The way support and resistance levels work is not just simply when the price hits, it will reverse. When the price breaks through an important support or resistance level, the market may return to re-test that level. This is called a retest, and it is crucial in confirming the strength of the breakout.
For example, in the U.S. stock market before the 2008 financial crisis, the Dow Jones Index repeatedly broke through support levels, then came back to re-test and continued its strong downward trend. This shows that when a support level is broken, it is not the end, but an opportunity for investors to confirm the trend. This can provide more confidence in trading decisions.

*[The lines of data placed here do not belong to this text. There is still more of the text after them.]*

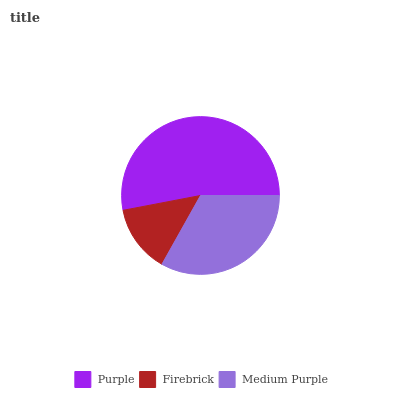Is Firebrick the minimum?
Answer yes or no. Yes. Is Purple the maximum?
Answer yes or no. Yes. Is Medium Purple the minimum?
Answer yes or no. No. Is Medium Purple the maximum?
Answer yes or no. No. Is Medium Purple greater than Firebrick?
Answer yes or no. Yes. Is Firebrick less than Medium Purple?
Answer yes or no. Yes. Is Firebrick greater than Medium Purple?
Answer yes or no. No. Is Medium Purple less than Firebrick?
Answer yes or no. No. Is Medium Purple the high median?
Answer yes or no. Yes. Is Medium Purple the low median?
Answer yes or no. Yes. Is Purple the high median?
Answer yes or no. No. Is Purple the low median?
Answer yes or no. No.

Challenges in Identifying Support and Resistance Levels
One of the biggest challenges when using support and resistance levels is accurately identifying the exact price levels. Often, support and resistance levels are not rigid straight lines but fluctuating zones. Therefore, sometimes the assessment of the importance of a support or resistance level can be subjective and dependent on each person’s analysis. This makes trading based solely on support and resistance levels a double-edged sword.

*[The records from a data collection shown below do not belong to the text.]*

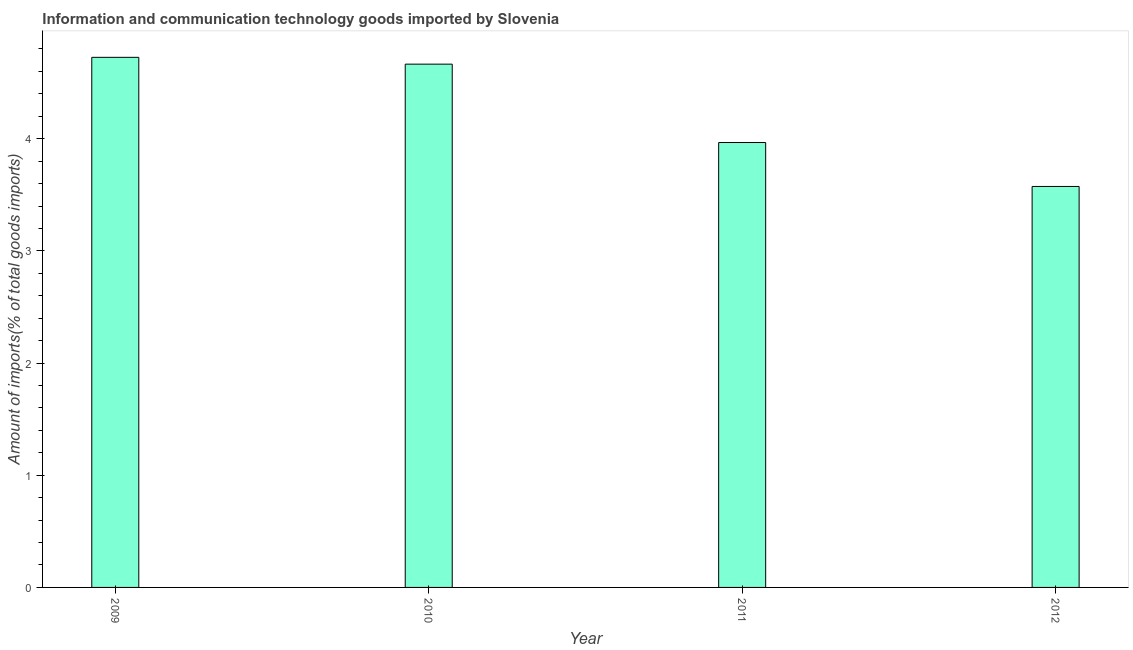Does the graph contain any zero values?
Ensure brevity in your answer.  No. What is the title of the graph?
Your response must be concise. Information and communication technology goods imported by Slovenia. What is the label or title of the X-axis?
Make the answer very short. Year. What is the label or title of the Y-axis?
Provide a short and direct response. Amount of imports(% of total goods imports). What is the amount of ict goods imports in 2010?
Make the answer very short. 4.66. Across all years, what is the maximum amount of ict goods imports?
Keep it short and to the point. 4.73. Across all years, what is the minimum amount of ict goods imports?
Ensure brevity in your answer.  3.57. What is the sum of the amount of ict goods imports?
Make the answer very short. 16.93. What is the difference between the amount of ict goods imports in 2009 and 2010?
Give a very brief answer. 0.06. What is the average amount of ict goods imports per year?
Give a very brief answer. 4.23. What is the median amount of ict goods imports?
Offer a terse response. 4.32. What is the ratio of the amount of ict goods imports in 2009 to that in 2012?
Offer a very short reply. 1.32. Is the amount of ict goods imports in 2009 less than that in 2010?
Make the answer very short. No. What is the difference between the highest and the second highest amount of ict goods imports?
Keep it short and to the point. 0.06. Is the sum of the amount of ict goods imports in 2009 and 2012 greater than the maximum amount of ict goods imports across all years?
Provide a short and direct response. Yes. What is the difference between the highest and the lowest amount of ict goods imports?
Offer a terse response. 1.15. In how many years, is the amount of ict goods imports greater than the average amount of ict goods imports taken over all years?
Your answer should be compact. 2. Are all the bars in the graph horizontal?
Ensure brevity in your answer.  No. What is the difference between two consecutive major ticks on the Y-axis?
Provide a succinct answer. 1. Are the values on the major ticks of Y-axis written in scientific E-notation?
Your answer should be very brief. No. What is the Amount of imports(% of total goods imports) in 2009?
Your answer should be compact. 4.73. What is the Amount of imports(% of total goods imports) in 2010?
Provide a short and direct response. 4.66. What is the Amount of imports(% of total goods imports) in 2011?
Provide a short and direct response. 3.97. What is the Amount of imports(% of total goods imports) of 2012?
Provide a short and direct response. 3.57. What is the difference between the Amount of imports(% of total goods imports) in 2009 and 2010?
Your answer should be compact. 0.06. What is the difference between the Amount of imports(% of total goods imports) in 2009 and 2011?
Provide a succinct answer. 0.76. What is the difference between the Amount of imports(% of total goods imports) in 2009 and 2012?
Offer a terse response. 1.15. What is the difference between the Amount of imports(% of total goods imports) in 2010 and 2011?
Ensure brevity in your answer.  0.7. What is the difference between the Amount of imports(% of total goods imports) in 2010 and 2012?
Offer a very short reply. 1.09. What is the difference between the Amount of imports(% of total goods imports) in 2011 and 2012?
Offer a very short reply. 0.39. What is the ratio of the Amount of imports(% of total goods imports) in 2009 to that in 2011?
Provide a succinct answer. 1.19. What is the ratio of the Amount of imports(% of total goods imports) in 2009 to that in 2012?
Provide a short and direct response. 1.32. What is the ratio of the Amount of imports(% of total goods imports) in 2010 to that in 2011?
Provide a short and direct response. 1.18. What is the ratio of the Amount of imports(% of total goods imports) in 2010 to that in 2012?
Keep it short and to the point. 1.3. What is the ratio of the Amount of imports(% of total goods imports) in 2011 to that in 2012?
Your response must be concise. 1.11.

Investors need to understand that there is no method that is absolutely accurate. DLMvn always emphasizes that when using support and resistance, you need to combine other tools such as trend lines, MACD indicators, or RSI to increase accuracy in forecasting. Using only support and resistance levels can cause you to miss important signals.
Common Mistakes to Avoid
A common mistake DLMvn sees among many investors is entering trades too early when the price hits support or resistance levels without waiting for confirmation signals. This can lead to failure because the market can always change suddenly, as seen in many cases when the price breaks through support or resistance without any signs of reversal.

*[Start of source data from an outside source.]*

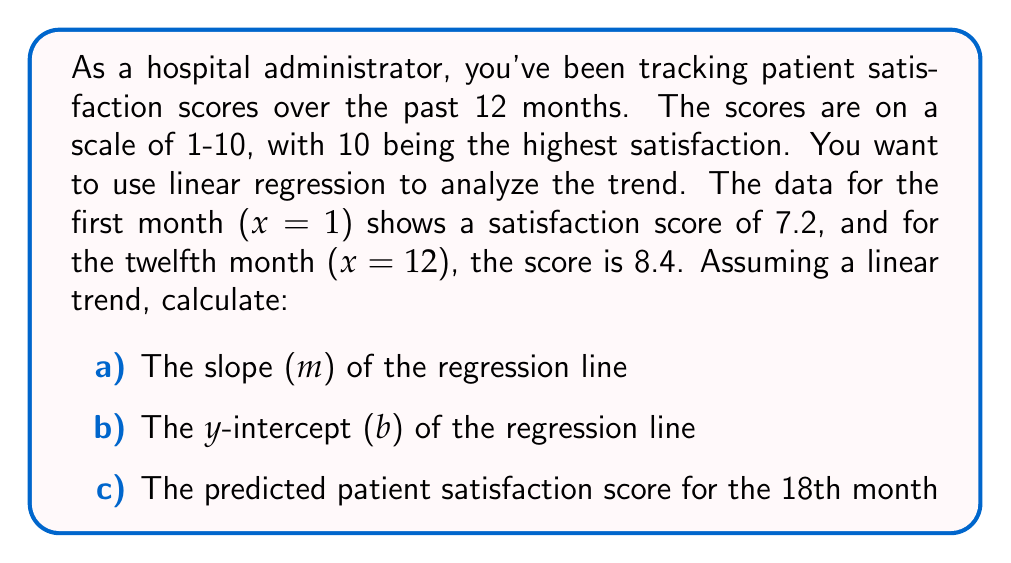Could you help me with this problem? Let's approach this step-by-step using the point-slope form of a linear equation:

1) We have two points: (1, 7.2) and (12, 8.4)

2) Calculate the slope (m):
   $$ m = \frac{y_2 - y_1}{x_2 - x_1} = \frac{8.4 - 7.2}{12 - 1} = \frac{1.2}{11} = 0.1091 $$

3) Use the point-slope form with (1, 7.2):
   $$ y - 7.2 = 0.1091(x - 1) $$

4) Simplify to get y-intercept (b):
   $$ y = 0.1091x - 0.1091 + 7.2 $$
   $$ y = 0.1091x + 7.0909 $$

   So, b = 7.0909

5) To predict the score for the 18th month, substitute x = 18:
   $$ y = 0.1091(18) + 7.0909 $$
   $$ y = 1.9638 + 7.0909 = 9.0547 $$
Answer: a) Slope (m) = 0.1091
b) Y-intercept (b) = 7.0909
c) Predicted satisfaction score for 18th month = 9.0547 
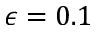Convert formula to latex. <formula><loc_0><loc_0><loc_500><loc_500>\epsilon = 0 . 1</formula>

Another mistake is over-relying on support and resistance levels in a strong trending market. When the market is in a strong trend, support and resistance levels may not be enough to hold the price. In such situations, it is best to look for signals of a new trend rather than maintaining a conservative view just because the price has touched a support or resistance level.
Advice for Investors
DLMvn always advises you that when trading with resistance and support, never forget to manage risk. Properly identifying stop loss and take profit levels plays an important role in any trading strategy. And if you are trading based on support and resistance levels, remember that patiently waiting for market confirmation is very important. Do not rush, because sometimes, it is the slowness and caution that help you win in trades.
Only when you fully understand and evaluate the factors affecting the market can you use support and resistance as effective tools to optimize profits and minimize risks in stock trading.